Work out how many lines in the data hold the string "above". Reply with only that number.

(Data extracted from a collection)

● ● ●

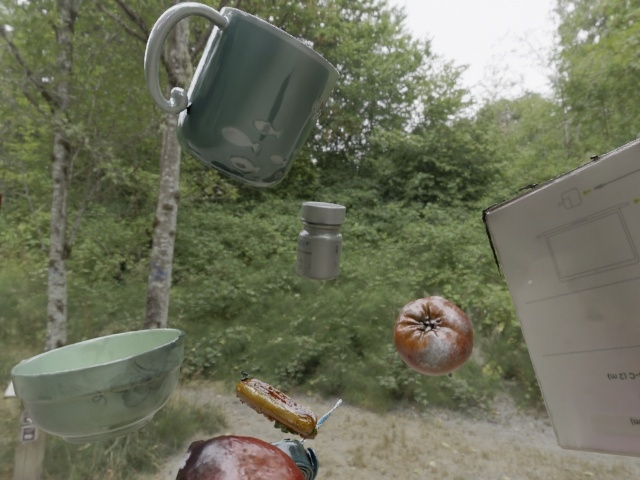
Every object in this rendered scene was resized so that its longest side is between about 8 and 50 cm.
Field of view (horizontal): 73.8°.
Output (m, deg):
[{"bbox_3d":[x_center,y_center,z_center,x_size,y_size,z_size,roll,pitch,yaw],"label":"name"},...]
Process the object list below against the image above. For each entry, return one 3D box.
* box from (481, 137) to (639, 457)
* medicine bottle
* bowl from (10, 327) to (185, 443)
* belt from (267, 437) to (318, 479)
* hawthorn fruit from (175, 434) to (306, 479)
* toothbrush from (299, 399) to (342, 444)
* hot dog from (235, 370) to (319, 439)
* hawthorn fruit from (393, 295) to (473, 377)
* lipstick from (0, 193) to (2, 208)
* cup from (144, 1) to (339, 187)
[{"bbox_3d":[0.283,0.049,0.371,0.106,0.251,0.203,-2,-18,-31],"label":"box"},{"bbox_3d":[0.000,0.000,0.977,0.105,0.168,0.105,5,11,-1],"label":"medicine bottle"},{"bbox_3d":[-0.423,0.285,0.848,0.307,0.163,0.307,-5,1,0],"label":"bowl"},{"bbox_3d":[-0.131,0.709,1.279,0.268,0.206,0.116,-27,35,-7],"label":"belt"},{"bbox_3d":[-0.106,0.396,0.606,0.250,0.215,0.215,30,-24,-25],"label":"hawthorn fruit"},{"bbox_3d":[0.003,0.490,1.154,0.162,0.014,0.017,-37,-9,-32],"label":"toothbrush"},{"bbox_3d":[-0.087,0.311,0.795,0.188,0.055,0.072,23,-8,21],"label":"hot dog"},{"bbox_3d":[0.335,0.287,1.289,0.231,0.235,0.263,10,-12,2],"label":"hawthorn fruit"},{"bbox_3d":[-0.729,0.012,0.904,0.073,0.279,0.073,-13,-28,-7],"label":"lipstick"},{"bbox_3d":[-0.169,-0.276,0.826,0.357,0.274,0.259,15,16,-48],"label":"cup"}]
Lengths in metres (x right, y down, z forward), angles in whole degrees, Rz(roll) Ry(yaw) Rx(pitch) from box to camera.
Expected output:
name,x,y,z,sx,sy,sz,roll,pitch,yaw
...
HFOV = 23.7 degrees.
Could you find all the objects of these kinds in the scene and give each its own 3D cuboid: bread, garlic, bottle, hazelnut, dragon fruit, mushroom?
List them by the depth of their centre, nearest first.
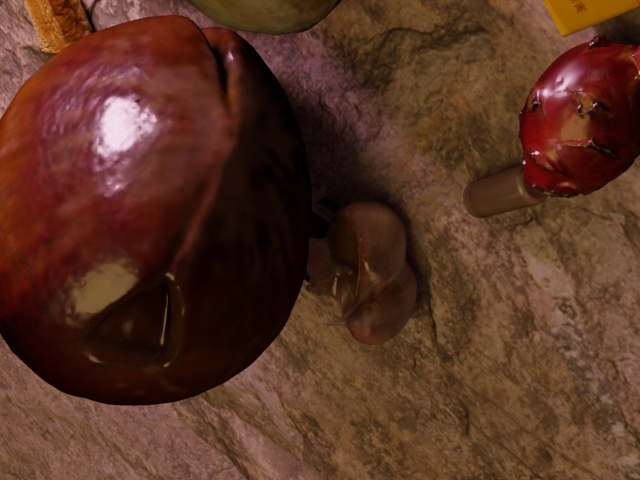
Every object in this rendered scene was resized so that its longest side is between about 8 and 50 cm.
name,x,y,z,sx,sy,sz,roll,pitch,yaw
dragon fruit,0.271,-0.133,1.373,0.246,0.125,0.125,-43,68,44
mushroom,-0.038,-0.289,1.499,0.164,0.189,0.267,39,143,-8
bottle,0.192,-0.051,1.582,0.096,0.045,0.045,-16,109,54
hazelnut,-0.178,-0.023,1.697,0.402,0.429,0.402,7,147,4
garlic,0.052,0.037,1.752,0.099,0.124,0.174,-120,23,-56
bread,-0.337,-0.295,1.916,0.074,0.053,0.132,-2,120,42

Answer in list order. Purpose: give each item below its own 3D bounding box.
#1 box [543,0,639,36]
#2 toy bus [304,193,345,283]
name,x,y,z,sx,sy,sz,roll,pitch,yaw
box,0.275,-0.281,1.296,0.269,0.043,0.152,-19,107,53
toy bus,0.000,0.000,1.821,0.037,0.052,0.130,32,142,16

● ● ●

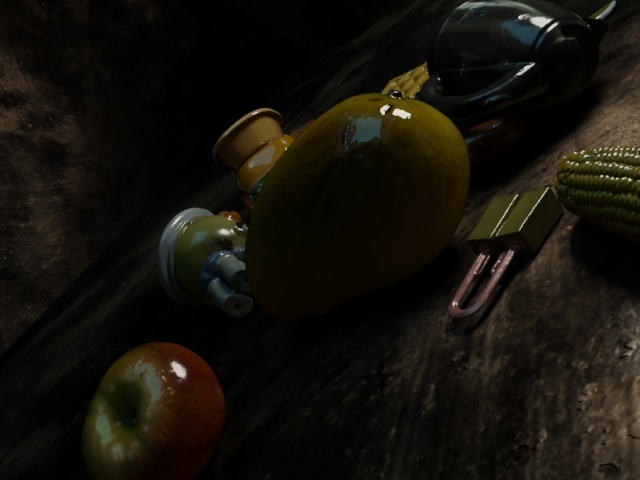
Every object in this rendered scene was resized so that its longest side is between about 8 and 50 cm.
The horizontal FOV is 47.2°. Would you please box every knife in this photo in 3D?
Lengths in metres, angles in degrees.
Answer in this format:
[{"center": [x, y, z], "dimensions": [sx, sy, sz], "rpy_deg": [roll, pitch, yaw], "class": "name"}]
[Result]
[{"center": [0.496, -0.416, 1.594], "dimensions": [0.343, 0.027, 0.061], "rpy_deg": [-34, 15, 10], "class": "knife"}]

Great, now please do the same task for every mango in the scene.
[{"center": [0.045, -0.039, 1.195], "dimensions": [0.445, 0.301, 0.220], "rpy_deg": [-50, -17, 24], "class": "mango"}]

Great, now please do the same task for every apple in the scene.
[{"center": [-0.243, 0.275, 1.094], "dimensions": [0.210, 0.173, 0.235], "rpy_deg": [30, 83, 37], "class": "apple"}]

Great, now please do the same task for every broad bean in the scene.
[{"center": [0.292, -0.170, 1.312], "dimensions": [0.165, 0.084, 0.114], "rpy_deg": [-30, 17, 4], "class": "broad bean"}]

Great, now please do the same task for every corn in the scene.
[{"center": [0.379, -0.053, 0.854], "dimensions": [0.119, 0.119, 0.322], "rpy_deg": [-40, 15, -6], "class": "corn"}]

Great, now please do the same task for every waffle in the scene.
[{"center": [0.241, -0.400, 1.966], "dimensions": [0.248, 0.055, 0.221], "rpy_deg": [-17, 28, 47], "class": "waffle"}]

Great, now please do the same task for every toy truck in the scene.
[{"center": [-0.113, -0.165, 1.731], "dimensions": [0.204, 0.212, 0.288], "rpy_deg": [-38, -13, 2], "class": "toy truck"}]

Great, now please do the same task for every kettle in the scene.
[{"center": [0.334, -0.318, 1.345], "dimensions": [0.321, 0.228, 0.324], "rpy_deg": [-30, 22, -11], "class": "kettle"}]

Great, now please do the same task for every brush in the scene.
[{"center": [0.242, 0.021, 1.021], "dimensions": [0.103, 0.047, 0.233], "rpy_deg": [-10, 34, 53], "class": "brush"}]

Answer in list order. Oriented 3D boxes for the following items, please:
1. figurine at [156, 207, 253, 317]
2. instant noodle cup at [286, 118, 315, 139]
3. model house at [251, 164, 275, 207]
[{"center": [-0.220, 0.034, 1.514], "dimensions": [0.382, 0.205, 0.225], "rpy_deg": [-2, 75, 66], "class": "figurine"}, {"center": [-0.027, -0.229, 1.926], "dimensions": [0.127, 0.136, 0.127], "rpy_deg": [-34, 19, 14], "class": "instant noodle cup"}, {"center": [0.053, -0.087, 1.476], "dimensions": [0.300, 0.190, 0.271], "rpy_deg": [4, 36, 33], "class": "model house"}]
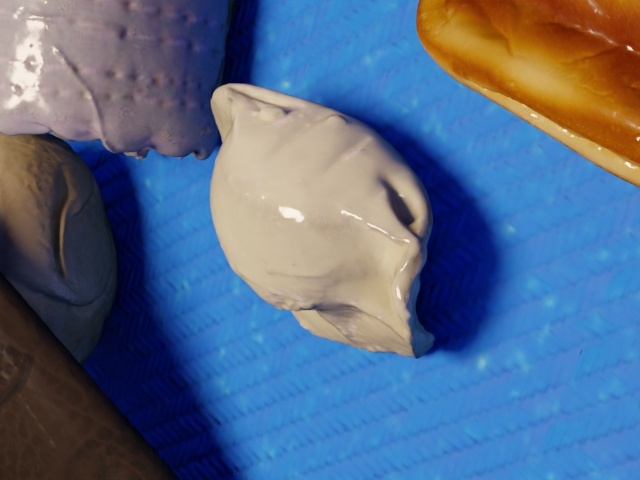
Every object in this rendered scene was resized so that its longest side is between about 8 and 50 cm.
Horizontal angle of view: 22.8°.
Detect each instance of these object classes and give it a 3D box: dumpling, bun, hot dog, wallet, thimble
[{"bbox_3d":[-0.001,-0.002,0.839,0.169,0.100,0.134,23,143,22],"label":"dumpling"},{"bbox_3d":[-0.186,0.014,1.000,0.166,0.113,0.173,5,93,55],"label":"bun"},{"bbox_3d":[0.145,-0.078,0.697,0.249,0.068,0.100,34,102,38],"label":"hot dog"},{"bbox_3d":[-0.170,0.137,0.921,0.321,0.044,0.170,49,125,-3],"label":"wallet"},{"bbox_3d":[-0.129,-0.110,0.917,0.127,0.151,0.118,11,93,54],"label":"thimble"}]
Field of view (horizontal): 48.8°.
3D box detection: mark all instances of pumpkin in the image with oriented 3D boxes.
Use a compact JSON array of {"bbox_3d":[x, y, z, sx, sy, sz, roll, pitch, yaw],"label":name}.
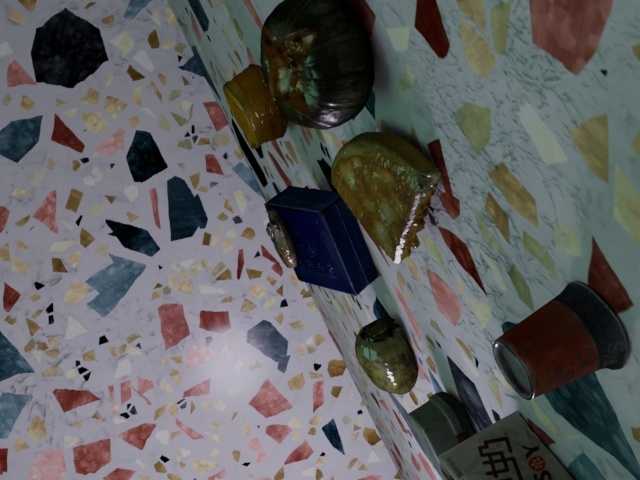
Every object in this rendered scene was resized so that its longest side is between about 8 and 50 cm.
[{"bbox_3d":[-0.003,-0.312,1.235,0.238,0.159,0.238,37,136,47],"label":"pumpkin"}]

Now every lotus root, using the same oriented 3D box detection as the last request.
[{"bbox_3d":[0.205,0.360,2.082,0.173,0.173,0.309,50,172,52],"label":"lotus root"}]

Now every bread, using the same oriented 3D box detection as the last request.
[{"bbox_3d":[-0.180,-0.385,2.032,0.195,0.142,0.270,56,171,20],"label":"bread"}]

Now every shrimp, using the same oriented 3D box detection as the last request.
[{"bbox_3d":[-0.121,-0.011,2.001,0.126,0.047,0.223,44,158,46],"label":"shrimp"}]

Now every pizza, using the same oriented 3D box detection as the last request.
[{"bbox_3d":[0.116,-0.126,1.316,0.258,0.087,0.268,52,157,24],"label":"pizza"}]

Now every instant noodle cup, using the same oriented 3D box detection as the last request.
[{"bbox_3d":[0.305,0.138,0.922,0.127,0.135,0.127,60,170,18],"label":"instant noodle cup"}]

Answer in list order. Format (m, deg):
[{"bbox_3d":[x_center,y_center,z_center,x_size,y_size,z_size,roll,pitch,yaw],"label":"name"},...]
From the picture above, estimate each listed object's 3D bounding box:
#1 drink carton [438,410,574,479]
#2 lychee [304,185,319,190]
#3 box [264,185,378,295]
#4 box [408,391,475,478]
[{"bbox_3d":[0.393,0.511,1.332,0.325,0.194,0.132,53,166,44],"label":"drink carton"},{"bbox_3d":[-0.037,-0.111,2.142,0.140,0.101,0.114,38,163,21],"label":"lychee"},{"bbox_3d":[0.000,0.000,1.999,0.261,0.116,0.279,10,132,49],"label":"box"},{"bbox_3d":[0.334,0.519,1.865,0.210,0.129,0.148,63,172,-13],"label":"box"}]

● ● ●

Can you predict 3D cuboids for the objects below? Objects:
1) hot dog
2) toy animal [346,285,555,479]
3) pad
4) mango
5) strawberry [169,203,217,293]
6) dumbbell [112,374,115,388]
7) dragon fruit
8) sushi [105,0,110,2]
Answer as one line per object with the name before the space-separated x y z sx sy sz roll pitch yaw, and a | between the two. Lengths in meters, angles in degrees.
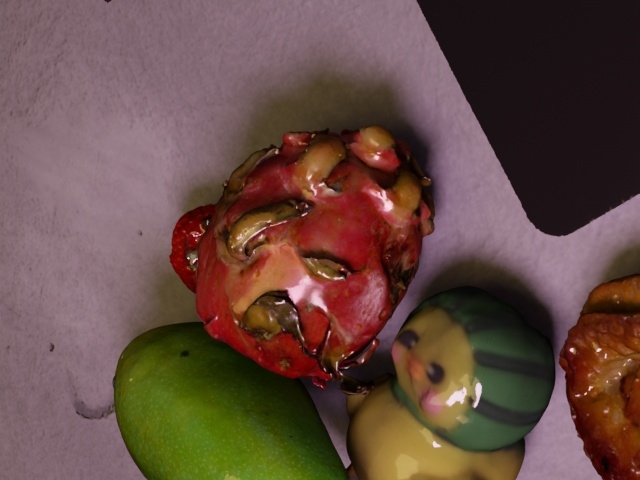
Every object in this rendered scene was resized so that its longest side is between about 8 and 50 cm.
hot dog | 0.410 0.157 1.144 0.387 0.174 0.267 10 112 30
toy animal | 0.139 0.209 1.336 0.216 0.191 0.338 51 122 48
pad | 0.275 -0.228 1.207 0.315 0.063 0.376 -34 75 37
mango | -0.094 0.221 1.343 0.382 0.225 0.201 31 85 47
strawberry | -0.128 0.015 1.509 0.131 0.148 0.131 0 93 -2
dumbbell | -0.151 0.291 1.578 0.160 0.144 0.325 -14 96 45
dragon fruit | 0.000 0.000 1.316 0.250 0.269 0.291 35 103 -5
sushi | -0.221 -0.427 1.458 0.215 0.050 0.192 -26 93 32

● ● ●

§ Solution to this task
2